Make a verbatim copy of the entries below; pictures stay out.

[Stored items from a collection]
⁂
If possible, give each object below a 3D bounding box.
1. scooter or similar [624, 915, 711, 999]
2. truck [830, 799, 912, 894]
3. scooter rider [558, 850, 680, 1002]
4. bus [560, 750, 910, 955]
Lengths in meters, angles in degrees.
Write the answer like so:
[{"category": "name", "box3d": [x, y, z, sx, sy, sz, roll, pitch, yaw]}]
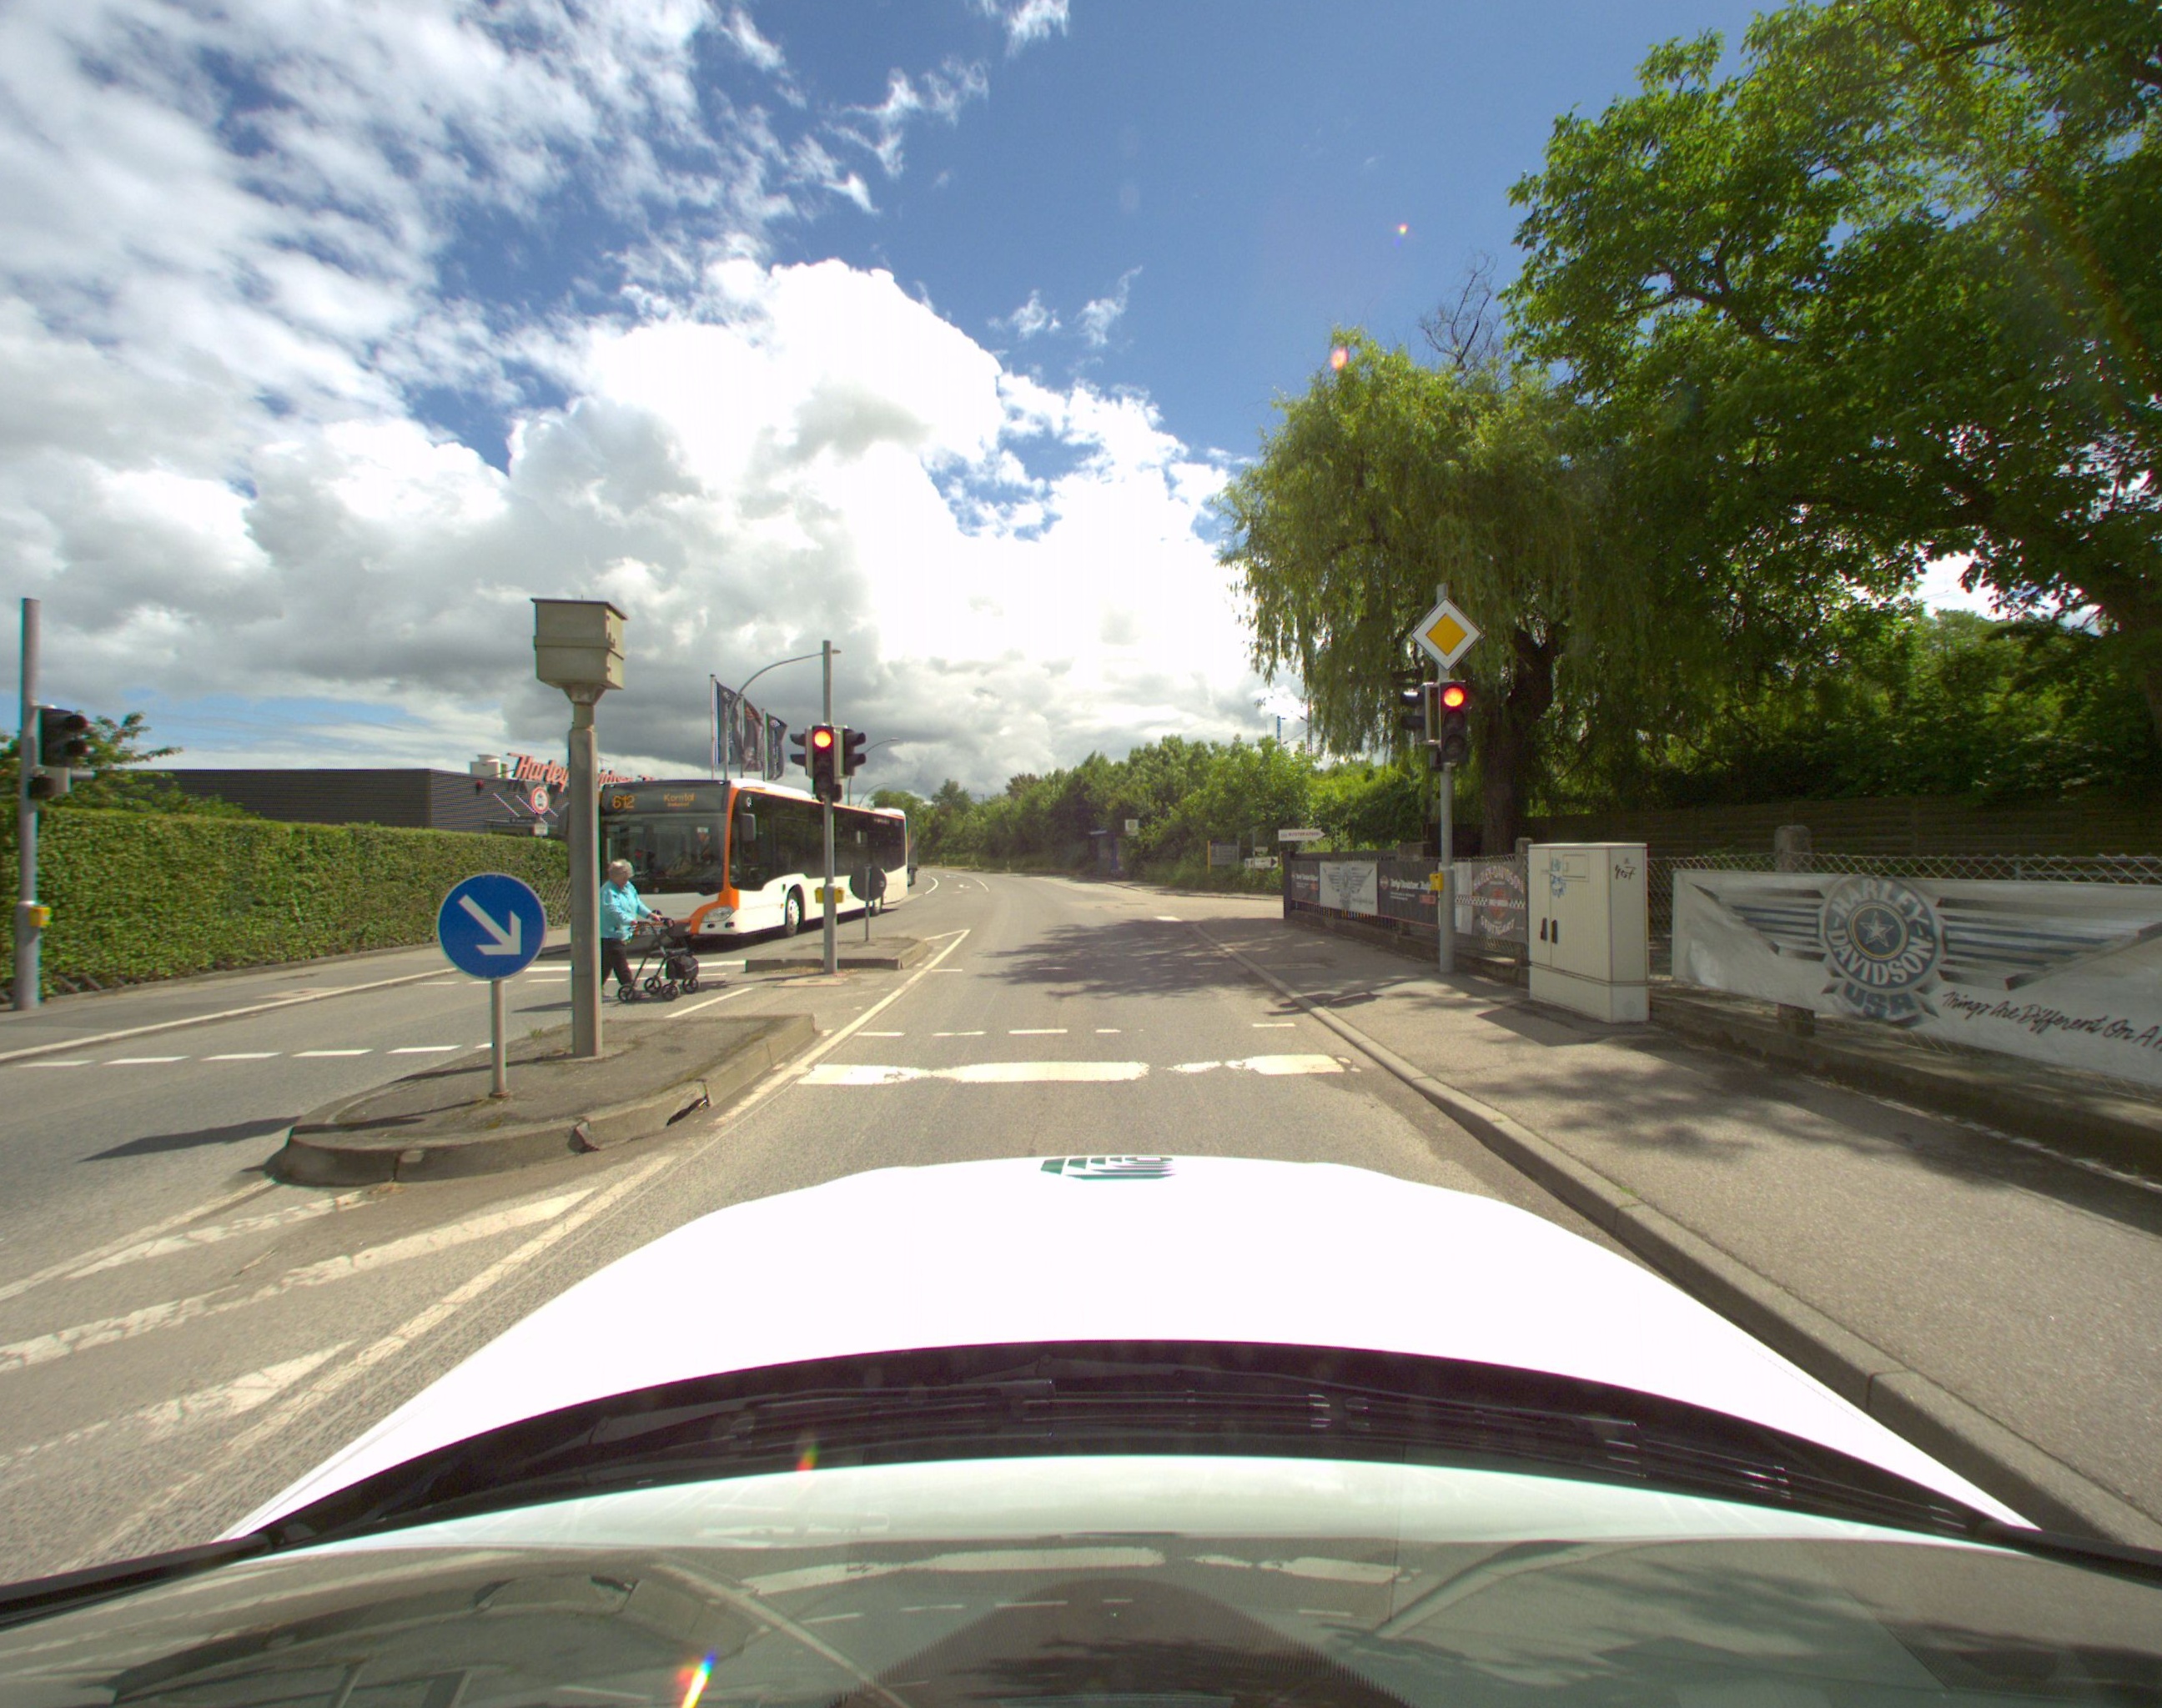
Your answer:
⁂
*Result for this exercise*.
If possible, give each object below a 3D bounding box.
1. scooter or similar [624, 915, 711, 999]
2. truck [830, 799, 912, 894]
3. scooter rider [558, 850, 680, 1002]
4. bus [560, 750, 910, 955]
Lengths in meters, angles in degrees.
Write the answer like so:
[{"category": "name", "box3d": [x, y, z, sx, sy, sz, roll, pitch, yaw]}]
Your answer:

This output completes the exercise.